Acyclovir is poorly metabolized by the liver, and its metabolite, 9-carboxymethoxyguanine, has no antiviral activity. Up to 90% of acyclovir is directly eliminated via renal excretion, with an elimination half-life between 1.43 and 2.48 h in the pediatric population (9–11).
Depending on the indications, the usual recommended doses for the pediatric population range from 5 mg/kg to 20 mg/kg of body weight every 8 h with a 1-h infusion for the acyclovir i.v. dosing and from 20 mg/kg every 8 h to 2,000 mg every 12 h for the oral valacyclovir dosing.

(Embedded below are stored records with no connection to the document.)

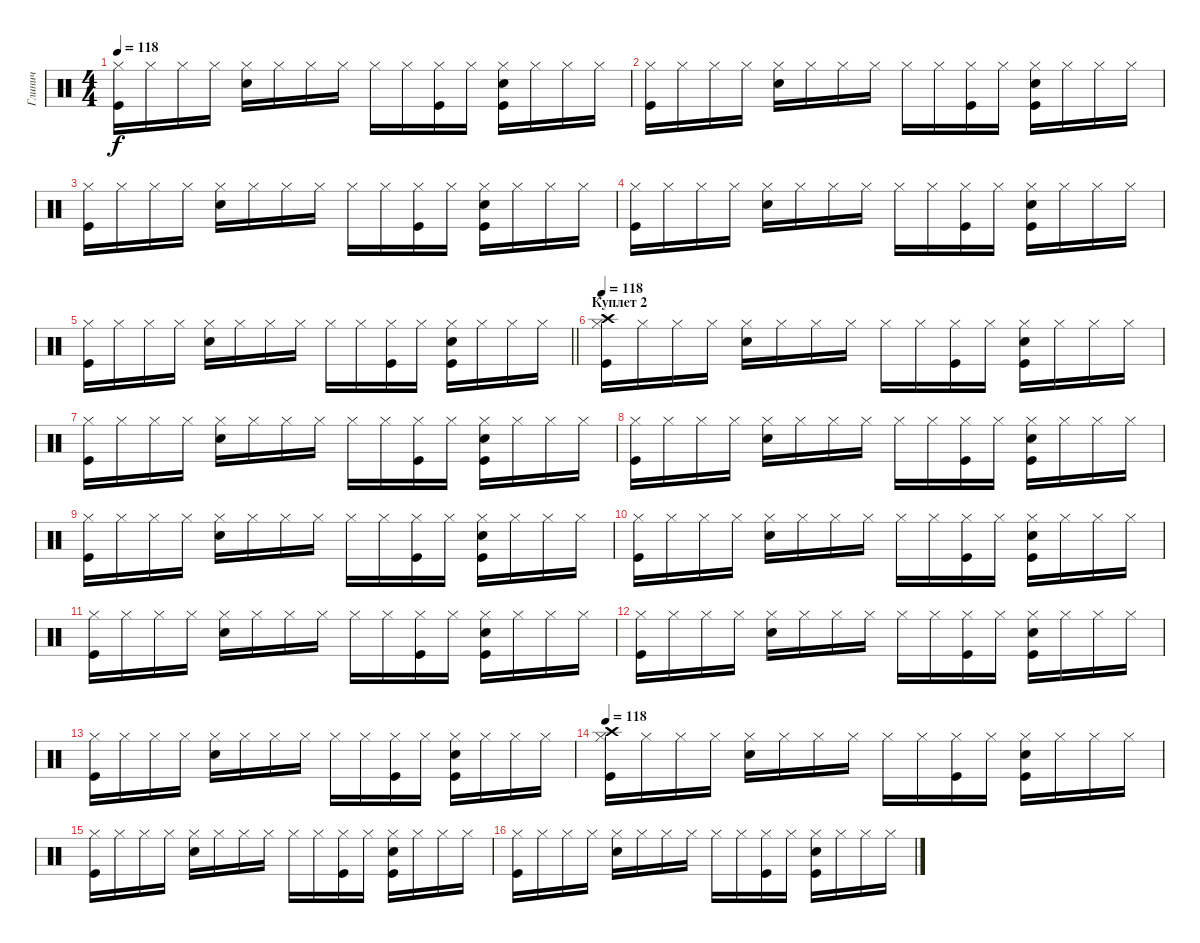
\track ("Глинич" "Глинич") {instrument percussion}
\staff {score}
\articulation defaults
\ts (4 4)
\tempo 118
\clef neutral
\ks c
("Hi-Hat (closed)" "Kick (hit)").16{dy f} "Hi-Hat (closed)".16 "Hi-Hat (closed)".16 "Hi-Hat (closed)".16 ("Hi-Hat (closed)" "Snare (hit) 2").16 "Hi-Hat (closed)".16 "Hi-Hat (closed)".16 "Hi-Hat (closed)".16 "Hi-Hat (closed)".16 "Hi-Hat (closed)".16 ("Hi-Hat (closed)" "Kick (hit)").16 "Hi-Hat (closed)".16 ("Hi-Hat (closed)" "Snare (hit) 2" "Kick (hit)").16 "Hi-Hat (closed)".16 "Hi-Hat (closed)".16 "Hi-Hat (closed)".16 |
("Hi-Hat (closed)" "Kick (hit)").16 "Hi-Hat (closed)".16 "Hi-Hat (closed)".16 "Hi-Hat (closed)".16 ("Hi-Hat (closed)" "Snare (hit) 2").16 "Hi-Hat (closed)".16 "Hi-Hat (closed)".16 "Hi-Hat (closed)".16 "Hi-Hat (closed)".16 "Hi-Hat (closed)".16 ("Hi-Hat (closed)" "Kick (hit)").16 "Hi-Hat (closed)".16 ("Hi-Hat (closed)" "Snare (hit) 2" "Kick (hit)").16 "Hi-Hat (closed)".16 "Hi-Hat (closed)".16 "Hi-Hat (closed)".16 |
("Hi-Hat (closed)" "Kick (hit)").16 "Hi-Hat (closed)".16 "Hi-Hat (closed)".16 "Hi-Hat (closed)".16 ("Hi-Hat (closed)" "Snare (hit) 2").16 "Hi-Hat (closed)".16 "Hi-Hat (closed)".16 "Hi-Hat (closed)".16 "Hi-Hat (closed)".16 "Hi-Hat (closed)".16 ("Hi-Hat (closed)" "Kick (hit)").16 "Hi-Hat (closed)".16 ("Hi-Hat (closed)" "Snare (hit) 2" "Kick (hit)").16 "Hi-Hat (closed)".16 "Hi-Hat (closed)".16 "Hi-Hat (closed)".16 |
("Hi-Hat (closed)" "Kick (hit)").16 "Hi-Hat (closed)".16 "Hi-Hat (closed)".16 "Hi-Hat (closed)".16 ("Hi-Hat (closed)" "Snare (hit) 2").16 "Hi-Hat (closed)".16 "Hi-Hat (closed)".16 "Hi-Hat (closed)".16 "Hi-Hat (closed)".16 "Hi-Hat (closed)".16 ("Hi-Hat (closed)" "Kick (hit)").16 "Hi-Hat (closed)".16 ("Hi-Hat (closed)" "Snare (hit) 2" "Kick (hit)").16 "Hi-Hat (closed)".16 "Hi-Hat (closed)".16 "Hi-Hat (closed)".16 |
\barLineRight lightlight
("Hi-Hat (closed)" "Kick (hit)").16 "Hi-Hat (closed)".16 "Hi-Hat (closed)".16 "Hi-Hat (closed)".16 ("Hi-Hat (closed)" "Snare (hit) 2").16 "Hi-Hat (closed)".16 "Hi-Hat (closed)".16 "Hi-Hat (closed)".16 "Hi-Hat (closed)".16 "Hi-Hat (closed)".16 ("Hi-Hat (closed)" "Kick (hit)").16 "Hi-Hat (closed)".16 ("Hi-Hat (closed)" "Snare (hit) 2" "Kick (hit)").16 "Hi-Hat (closed)".16 "Hi-Hat (closed)".16 "Hi-Hat (closed)".16 |
\section ("" "Куплет 2")
\tempo 118
("Hi-Hat (closed)" "Kick (hit)" "Crash high (hit)").16 "Hi-Hat (closed)".16 "Hi-Hat (closed)".16 "Hi-Hat (closed)".16 ("Hi-Hat (closed)" "Snare (hit) 2").16 "Hi-Hat (closed)".16 "Hi-Hat (closed)".16 "Hi-Hat (closed)".16 "Hi-Hat (closed)".16 "Hi-Hat (closed)".16 ("Hi-Hat (closed)" "Kick (hit)").16 "Hi-Hat (closed)".16 ("Hi-Hat (closed)" "Snare (hit) 2" "Kick (hit)").16 "Hi-Hat (closed)".16 "Hi-Hat (closed)".16 "Hi-Hat (closed)".16 |
("Hi-Hat (closed)" "Kick (hit)").16 "Hi-Hat (closed)".16 "Hi-Hat (closed)".16 "Hi-Hat (closed)".16 ("Hi-Hat (closed)" "Snare (hit) 2").16 "Hi-Hat (closed)".16 "Hi-Hat (closed)".16 "Hi-Hat (closed)".16 "Hi-Hat (closed)".16 "Hi-Hat (closed)".16 ("Hi-Hat (closed)" "Kick (hit)").16 "Hi-Hat (closed)".16 ("Hi-Hat (closed)" "Snare (hit) 2" "Kick (hit)").16 "Hi-Hat (closed)".16 "Hi-Hat (closed)".16 "Hi-Hat (closed)".16 |
("Hi-Hat (closed)" "Kick (hit)").16 "Hi-Hat (closed)".16 "Hi-Hat (closed)".16 "Hi-Hat (closed)".16 ("Hi-Hat (closed)" "Snare (hit) 2").16 "Hi-Hat (closed)".16 "Hi-Hat (closed)".16 "Hi-Hat (closed)".16 "Hi-Hat (closed)".16 "Hi-Hat (closed)".16 ("Hi-Hat (closed)" "Kick (hit)").16 "Hi-Hat (closed)".16 ("Hi-Hat (closed)" "Snare (hit) 2" "Kick (hit)").16 "Hi-Hat (closed)".16 "Hi-Hat (closed)".16 "Hi-Hat (closed)".16 |
("Hi-Hat (closed)" "Kick (hit)").16 "Hi-Hat (closed)".16 "Hi-Hat (closed)".16 "Hi-Hat (closed)".16 ("Hi-Hat (closed)" "Snare (hit) 2").16 "Hi-Hat (closed)".16 "Hi-Hat (closed)".16 "Hi-Hat (closed)".16 "Hi-Hat (closed)".16 "Hi-Hat (closed)".16 ("Hi-Hat (closed)" "Kick (hit)").16 "Hi-Hat (closed)".16 ("Hi-Hat (closed)" "Snare (hit) 2" "Kick (hit)").16 "Hi-Hat (closed)".16 "Hi-Hat (closed)".16 "Hi-Hat (closed)".16 |
("Hi-Hat (closed)" "Kick (hit)").16 "Hi-Hat (closed)".16 "Hi-Hat (closed)".16 "Hi-Hat (closed)".16 ("Hi-Hat (closed)" "Snare (hit) 2").16 "Hi-Hat (closed)".16 "Hi-Hat (closed)".16 "Hi-Hat (closed)".16 "Hi-Hat (closed)".16 "Hi-Hat (closed)".16 ("Hi-Hat (closed)" "Kick (hit)").16 "Hi-Hat (closed)".16 ("Hi-Hat (closed)" "Snare (hit) 2" "Kick (hit)").16 "Hi-Hat (closed)".16 "Hi-Hat (closed)".16 "Hi-Hat (closed)".16 |
("Hi-Hat (closed)" "Kick (hit)").16 "Hi-Hat (closed)".16 "Hi-Hat (closed)".16 "Hi-Hat (closed)".16 ("Hi-Hat (closed)" "Snare (hit) 2").16 "Hi-Hat (closed)".16 "Hi-Hat (closed)".16 "Hi-Hat (closed)".16 "Hi-Hat (closed)".16 "Hi-Hat (closed)".16 ("Hi-Hat (closed)" "Kick (hit)").16 "Hi-Hat (closed)".16 ("Hi-Hat (closed)" "Snare (hit) 2" "Kick (hit)").16 "Hi-Hat (closed)".16 "Hi-Hat (closed)".16 "Hi-Hat (closed)".16 |
("Hi-Hat (closed)" "Kick (hit)").16 "Hi-Hat (closed)".16 "Hi-Hat (closed)".16 "Hi-Hat (closed)".16 ("Hi-Hat (closed)" "Snare (hit) 2").16 "Hi-Hat (closed)".16 "Hi-Hat (closed)".16 "Hi-Hat (closed)".16 "Hi-Hat (closed)".16 "Hi-Hat (closed)".16 ("Hi-Hat (closed)" "Kick (hit)").16 "Hi-Hat (closed)".16 ("Hi-Hat (closed)" "Snare (hit) 2" "Kick (hit)").16 "Hi-Hat (closed)".16 "Hi-Hat (closed)".16 "Hi-Hat (closed)".16 |
("Hi-Hat (closed)" "Kick (hit)").16 "Hi-Hat (closed)".16 "Hi-Hat (closed)".16 "Hi-Hat (closed)".16 ("Hi-Hat (closed)" "Snare (hit) 2").16 "Hi-Hat (closed)".16 "Hi-Hat (closed)".16 "Hi-Hat (closed)".16 "Hi-Hat (closed)".16 "Hi-Hat (closed)".16 ("Hi-Hat (closed)" "Kick (hit)").16 "Hi-Hat (closed)".16 ("Hi-Hat (closed)" "Snare (hit) 2" "Kick (hit)").16 "Hi-Hat (closed)".16 "Hi-Hat (closed)".16 "Hi-Hat (closed)".16 |
\tempo 118
("Hi-Hat (closed)" "Kick (hit)" "Crash high (hit)").16 "Hi-Hat (closed)".16 "Hi-Hat (closed)".16 "Hi-Hat (closed)".16 ("Hi-Hat (closed)" "Snare (hit) 2").16 "Hi-Hat (closed)".16 "Hi-Hat (closed)".16 "Hi-Hat (closed)".16 "Hi-Hat (closed)".16 "Hi-Hat (closed)".16 ("Hi-Hat (closed)" "Kick (hit)").16 "Hi-Hat (closed)".16 ("Hi-Hat (closed)" "Snare (hit) 2" "Kick (hit)").16 "Hi-Hat (closed)".16 "Hi-Hat (closed)".16 "Hi-Hat (closed)".16 |
("Hi-Hat (closed)" "Kick (hit)").16 "Hi-Hat (closed)".16 "Hi-Hat (closed)".16 "Hi-Hat (closed)".16 ("Hi-Hat (closed)" "Snare (hit) 2").16 "Hi-Hat (closed)".16 "Hi-Hat (closed)".16 "Hi-Hat (closed)".16 "Hi-Hat (closed)".16 "Hi-Hat (closed)".16 ("Hi-Hat (closed)" "Kick (hit)").16 "Hi-Hat (closed)".16 ("Hi-Hat (closed)" "Snare (hit) 2" "Kick (hit)").16 "Hi-Hat (closed)".16 "Hi-Hat (closed)".16 "Hi-Hat (closed)".16 |
("Hi-Hat (closed)" "Kick (hit)").16 "Hi-Hat (closed)".16 "Hi-Hat (closed)".16 "Hi-Hat (closed)".16 ("Hi-Hat (closed)" "Snare (hit) 2").16 "Hi-Hat (closed)".16 "Hi-Hat (closed)".16 "Hi-Hat (closed)".16 "Hi-Hat (closed)".16 "Hi-Hat (closed)".16 ("Hi-Hat (closed)" "Kick (hit)").16 "Hi-Hat (closed)".16 ("Hi-Hat (closed)" "Snare (hit) 2" "Kick (hit)").16 "Hi-Hat (closed)".16 "Hi-Hat (closed)".16 "Hi-Hat (closed)".16

Renal impairment is taken into consideration, with dose adjustments when creatinine clearance is lower than 50 ml/min (12, 13). Augmented renal clearance (ARC) is present in 20 to 65% of critically ill patients and is characterized by increased creatinine clearance and elimination of renally eliminated medications. No recommendation is made for these patients.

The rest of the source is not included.